What the response needs is every record, repeated verbatim, and no images.

Data in this exercise: Begin

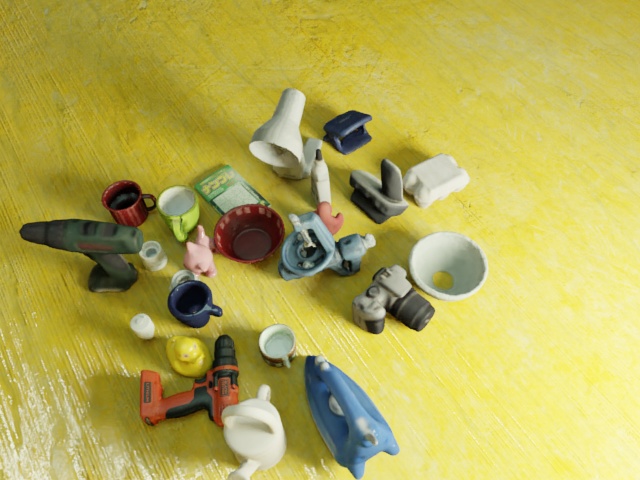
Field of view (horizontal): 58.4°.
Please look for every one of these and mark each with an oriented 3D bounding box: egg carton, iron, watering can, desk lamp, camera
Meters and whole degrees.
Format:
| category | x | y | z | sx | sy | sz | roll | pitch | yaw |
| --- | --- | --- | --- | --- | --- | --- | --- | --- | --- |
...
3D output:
| category | x | y | z | sx | sy | sz | roll | pitch | yaw |
| --- | --- | --- | --- | --- | --- | --- | --- | --- | --- |
| egg carton | 0.275 | -0.143 | 1.371 | 0.150 | 0.069 | 0.107 | -27 | 59 | -15 |
| iron | 0.037 | 0.292 | 1.047 | 0.119 | 0.141 | 0.257 | -28 | 60 | -15 |
| watering can | -0.115 | 0.336 | 0.992 | 0.101 | 0.194 | 0.172 | -11 | 56 | -4 |
| desk lamp | -0.077 | -0.239 | 1.364 | 0.117 | 0.214 | 0.203 | 13 | 58 | 11 |
| camera | 0.156 | 0.132 | 1.173 | 0.136 | 0.101 | 0.143 | 37 | 65 | 24 |

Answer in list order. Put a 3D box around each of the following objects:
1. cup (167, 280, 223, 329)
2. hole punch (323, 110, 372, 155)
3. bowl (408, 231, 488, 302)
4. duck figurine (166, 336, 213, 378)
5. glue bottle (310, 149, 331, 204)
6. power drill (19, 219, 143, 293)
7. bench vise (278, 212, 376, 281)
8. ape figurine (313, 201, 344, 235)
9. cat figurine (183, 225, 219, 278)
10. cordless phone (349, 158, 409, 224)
| category | x | y | z | sx | sy | sz | roll | pitch | yaw |
| --- | --- | --- | --- | --- | --- | --- | --- | --- | --- |
| cup | -0.247 | 0.146 | 1.185 | 0.117 | 0.095 | 0.092 | 17 | 59 | 13 |
| hole punch | 0.068 | -0.289 | 1.464 | 0.109 | 0.091 | 0.101 | -34 | 61 | -18 |
| bowl | 0.270 | 0.068 | 1.227 | 0.167 | 0.075 | 0.167 | -1 | 56 | 2 |
| duck figurine | -0.267 | 0.221 | 1.141 | 0.104 | 0.086 | 0.078 | 31 | 63 | 21 |
| glue bottle | 0.001 | -0.148 | 1.323 | 0.037 | 0.173 | 0.078 | -16 | 57 | -7 |
| power drill | -0.477 | 0.029 | 1.205 | 0.229 | 0.208 | 0.075 | -4 | 56 | 0 |
| bench vise | 0.006 | -0.004 | 1.199 | 0.207 | 0.220 | 0.121 | -25 | 59 | -13 |
| ape figurine | 0.012 | -0.053 | 1.309 | 0.077 | 0.092 | 0.076 | 21 | 60 | 16 |
| cat figurine | -0.262 | 0.028 | 1.251 | 0.067 | 0.118 | 0.127 | -2 | 56 | 1 |
| cordless phone | 0.135 | -0.139 | 1.305 | 0.094 | 0.185 | 0.147 | -40 | 63 | -22 |

Data in this exercise: End

▶ _Task output_:
Field of view (horizontal): 58.4°.
Please look for every one of these and mark each with an oriented 3D bounding box: egg carton, iron, watering can, desk lamp, camera
Meters and whole degrees.
Format:
| category | x | y | z | sx | sy | sz | roll | pitch | yaw |
| --- | --- | --- | --- | --- | --- | --- | --- | --- | --- |
...
3D output:
| category | x | y | z | sx | sy | sz | roll | pitch | yaw |
| --- | --- | --- | --- | --- | --- | --- | --- | --- | --- |
| egg carton | 0.275 | -0.143 | 1.371 | 0.150 | 0.069 | 0.107 | -27 | 59 | -15 |
| iron | 0.037 | 0.292 | 1.047 | 0.119 | 0.141 | 0.257 | -28 | 60 | -15 |
| watering can | -0.115 | 0.336 | 0.992 | 0.101 | 0.194 | 0.172 | -11 | 56 | -4 |
| desk lamp | -0.077 | -0.239 | 1.364 | 0.117 | 0.214 | 0.203 | 13 | 58 | 11 |
| camera | 0.156 | 0.132 | 1.173 | 0.136 | 0.101 | 0.143 | 37 | 65 | 24 |

Answer in list order. Put a 3D box around each of the following objects:
1. cup (167, 280, 223, 329)
2. hole punch (323, 110, 372, 155)
3. bowl (408, 231, 488, 302)
4. duck figurine (166, 336, 213, 378)
5. glue bottle (310, 149, 331, 204)
6. power drill (19, 219, 143, 293)
7. bench vise (278, 212, 376, 281)
8. ape figurine (313, 201, 344, 235)
9. cat figurine (183, 225, 219, 278)
10. cordless phone (349, 158, 409, 224)
| category | x | y | z | sx | sy | sz | roll | pitch | yaw |
| --- | --- | --- | --- | --- | --- | --- | --- | --- | --- |
| cup | -0.247 | 0.146 | 1.185 | 0.117 | 0.095 | 0.092 | 17 | 59 | 13 |
| hole punch | 0.068 | -0.289 | 1.464 | 0.109 | 0.091 | 0.101 | -34 | 61 | -18 |
| bowl | 0.270 | 0.068 | 1.227 | 0.167 | 0.075 | 0.167 | -1 | 56 | 2 |
| duck figurine | -0.267 | 0.221 | 1.141 | 0.104 | 0.086 | 0.078 | 31 | 63 | 21 |
| glue bottle | 0.001 | -0.148 | 1.323 | 0.037 | 0.173 | 0.078 | -16 | 57 | -7 |
| power drill | -0.477 | 0.029 | 1.205 | 0.229 | 0.208 | 0.075 | -4 | 56 | 0 |
| bench vise | 0.006 | -0.004 | 1.199 | 0.207 | 0.220 | 0.121 | -25 | 59 | -13 |
| ape figurine | 0.012 | -0.053 | 1.309 | 0.077 | 0.092 | 0.076 | 21 | 60 | 16 |
| cat figurine | -0.262 | 0.028 | 1.251 | 0.067 | 0.118 | 0.127 | -2 | 56 | 1 |
| cordless phone | 0.135 | -0.139 | 1.305 | 0.094 | 0.185 | 0.147 | -40 | 63 | -22 |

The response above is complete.